Dose Finding Study of Thymoglobulin (ATG) in Patients With Steroid-Refractory Acute Graft Versus Host Disease (aGVHD)
GvHD is a common side effect of a stem cell transplant. It is caused by a type of white
blood cell (a lymphocyte). ATG is designed to kill lymphocytes and is commonly used to help
prevent or treat GvHD and to treat steroid-refractory aGvHD.
Before you can start treatment on this study, you will have "screening tests." These tests
will help the doctor decide if you are eligible to take part in this study. You will be
asked questions about your medical history. You will have a complete physical exam. You
will have blood drawn (about 2 tablespoons) for routine tests and to check for any viral
infections. Women who are able to have children must have a negative blood (about 1
teaspoon) or urine pregnancy test. You will also have a biopsy of the site that is suspected
to be affected by aGvHD. The study doctor will describe the type of biopsy procedure you
will have, which will depend on the part of the body that is affected by the disease. If
you had an earlier biopsy performed that confirmed aGvHD, you will not need a biopsy
repeated for this study.
If you are found to be eligible to participate in this study, you will be randomly assigned
(as in the toss of a coin) to 1 of 2 groups. Participants in Group 1 will receive a higher
dose of ATG by vein. Participants in Group 2 will receive a lower dose of ATG by vein. You
will have an equal chance of being in 1 of the 2 groups. Participants in both groups will
receive doses of ATG over 4-6 hours, 1 time a day every other day for a total of 3 doses.

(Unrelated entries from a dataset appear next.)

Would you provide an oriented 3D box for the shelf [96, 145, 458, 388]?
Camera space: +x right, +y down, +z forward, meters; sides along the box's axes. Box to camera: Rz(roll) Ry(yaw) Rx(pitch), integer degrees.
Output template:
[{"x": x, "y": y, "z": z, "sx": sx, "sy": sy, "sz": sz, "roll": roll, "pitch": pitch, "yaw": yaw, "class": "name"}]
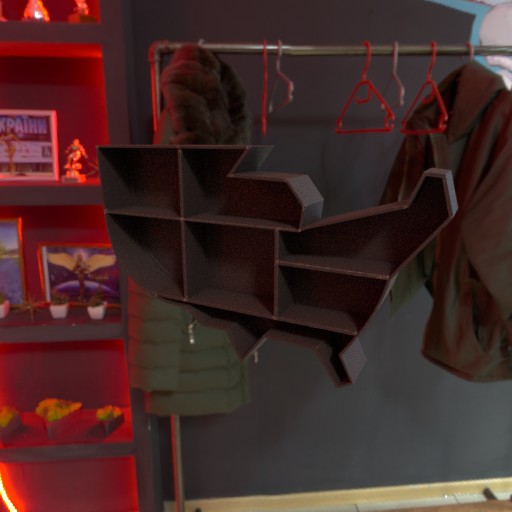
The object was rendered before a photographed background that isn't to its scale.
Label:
[{"x": 0.000, "y": 0.000, "z": 0.909, "sx": 0.729, "sy": 0.439, "sz": 0.112, "roll": 8, "pitch": 17, "yaw": 26, "class": "shelf"}]
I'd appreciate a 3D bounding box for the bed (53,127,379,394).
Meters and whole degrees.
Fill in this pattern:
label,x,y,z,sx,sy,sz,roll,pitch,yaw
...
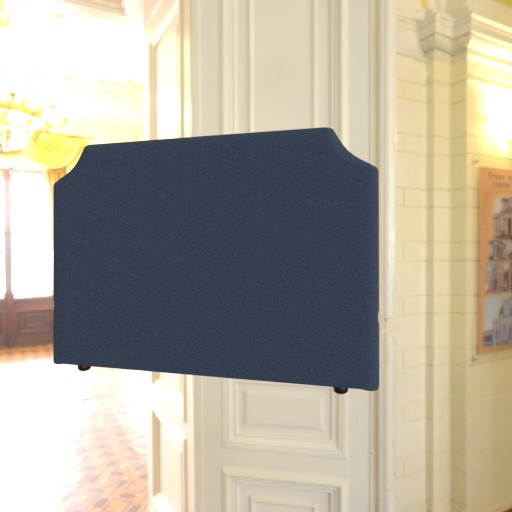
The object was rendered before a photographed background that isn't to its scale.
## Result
label,x,y,z,sx,sy,sz,roll,pitch,yaw
bed,0.000,0.000,3.384,1.831,1.297,2.260,0,1,16
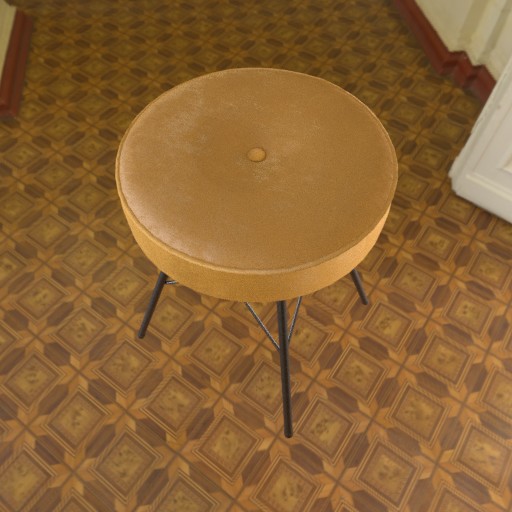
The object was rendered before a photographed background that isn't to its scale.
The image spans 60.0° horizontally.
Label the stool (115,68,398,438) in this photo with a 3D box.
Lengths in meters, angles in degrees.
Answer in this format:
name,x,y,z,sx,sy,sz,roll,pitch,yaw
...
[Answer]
name,x,y,z,sx,sy,sz,roll,pitch,yaw
stool,0.000,0.000,0.906,0.472,0.595,0.438,31,62,18
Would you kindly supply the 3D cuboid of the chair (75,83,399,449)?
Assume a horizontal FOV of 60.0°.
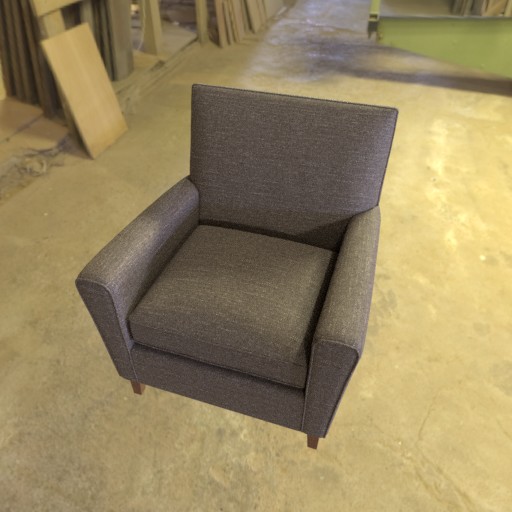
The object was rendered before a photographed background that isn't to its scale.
[{"bbox_3d":[0.000,0.000,1.598,0.838,0.885,0.875,12,42,14],"label":"chair"}]

During this study, you will be able to remain on steroids and any other drugs you may be
receiving for treatment of aGvHD (such as tacrolimus or cyclosporine). You will also have
blood drawn (about 1 teaspoon) to learn the effect of ATG on the lymphocytes.
You will be taken off this study, if the disease is stable as determined by the study
doctor, if the disease gets worse, or you experience any intolerable side effects. If you
are taken off this study, your study doctor will discuss other treatment options with you.

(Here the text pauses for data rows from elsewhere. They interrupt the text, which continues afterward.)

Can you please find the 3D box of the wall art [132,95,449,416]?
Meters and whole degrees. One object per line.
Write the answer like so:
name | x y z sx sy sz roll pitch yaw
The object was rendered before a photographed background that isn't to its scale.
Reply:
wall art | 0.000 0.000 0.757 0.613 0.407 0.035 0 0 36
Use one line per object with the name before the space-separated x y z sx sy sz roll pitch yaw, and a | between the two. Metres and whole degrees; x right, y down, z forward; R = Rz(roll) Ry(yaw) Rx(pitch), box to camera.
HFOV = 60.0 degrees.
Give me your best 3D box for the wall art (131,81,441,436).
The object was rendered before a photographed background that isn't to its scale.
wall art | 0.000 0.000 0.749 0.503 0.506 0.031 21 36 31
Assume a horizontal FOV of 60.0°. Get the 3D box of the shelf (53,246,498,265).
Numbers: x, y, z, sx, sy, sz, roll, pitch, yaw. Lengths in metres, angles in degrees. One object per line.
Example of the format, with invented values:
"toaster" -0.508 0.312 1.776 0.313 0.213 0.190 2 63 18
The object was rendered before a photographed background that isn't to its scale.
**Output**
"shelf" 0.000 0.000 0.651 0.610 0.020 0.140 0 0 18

After you finish receiving the study medication, you will come to the clinic at regularly
scheduled follow-up visits. At first, you will be seen in the clinic once a week for 1
month. You will also have additional blood drawn (about 2 teaspoons) for biomarker testing
(testing that looks at how the drug is working in your body). After the first month of
follow-up visits, you will come in for visits every other week while you are on this study,
which will continue until you have at least 2 consecutive (back to back) evaluations of the
disease status to see if the disease is stable.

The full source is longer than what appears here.